━━━ GIVEN RECORDS ━━━
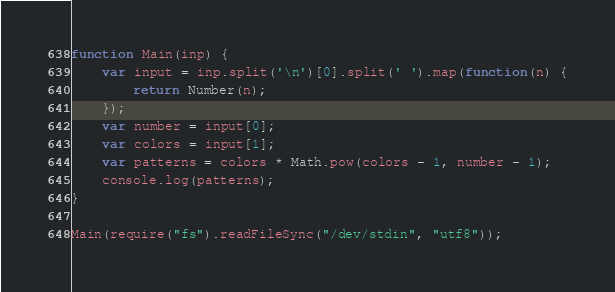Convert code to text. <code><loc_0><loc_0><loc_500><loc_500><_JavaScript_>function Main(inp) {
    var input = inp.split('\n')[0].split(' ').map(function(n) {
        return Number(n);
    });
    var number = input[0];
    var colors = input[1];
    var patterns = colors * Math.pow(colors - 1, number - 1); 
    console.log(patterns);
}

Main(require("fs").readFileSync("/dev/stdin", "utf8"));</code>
━━━
━━━ GIVEN RECORDS ━━━
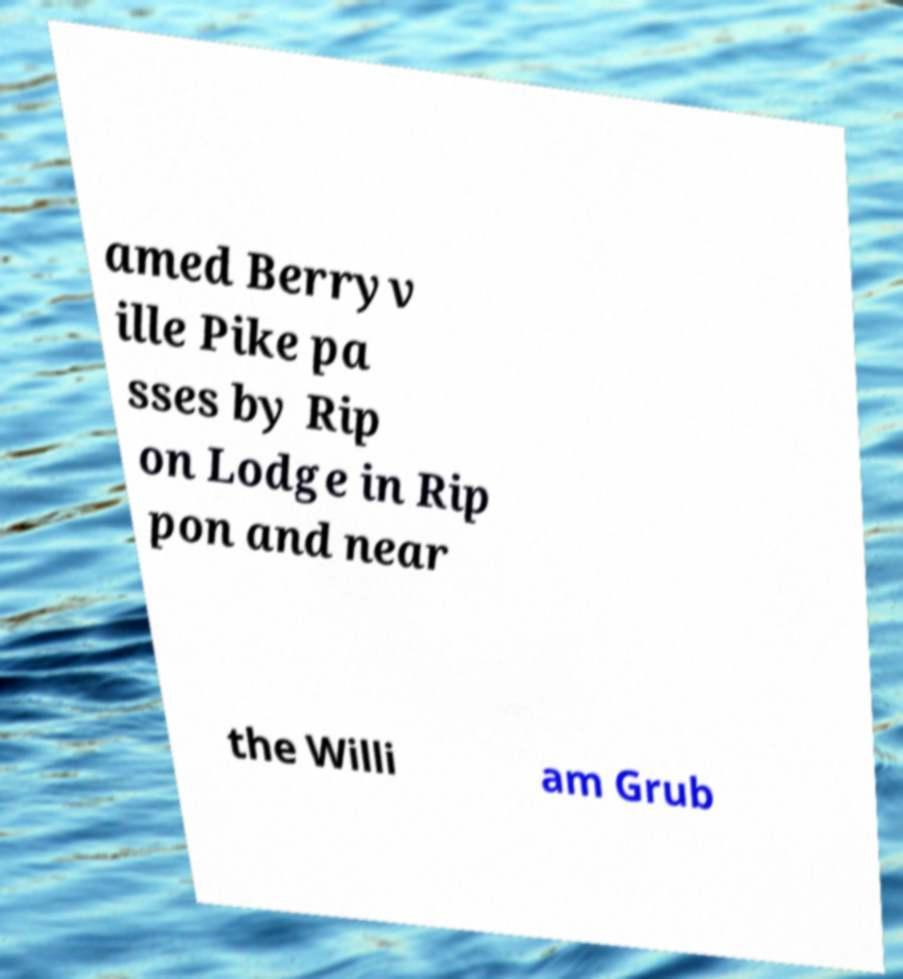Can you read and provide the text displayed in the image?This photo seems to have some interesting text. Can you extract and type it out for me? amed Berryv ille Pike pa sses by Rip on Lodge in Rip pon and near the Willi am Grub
━━━
TO DO
Find the lines above that contain "input" and give their count, with nothing added.

RESPONSE AREA
3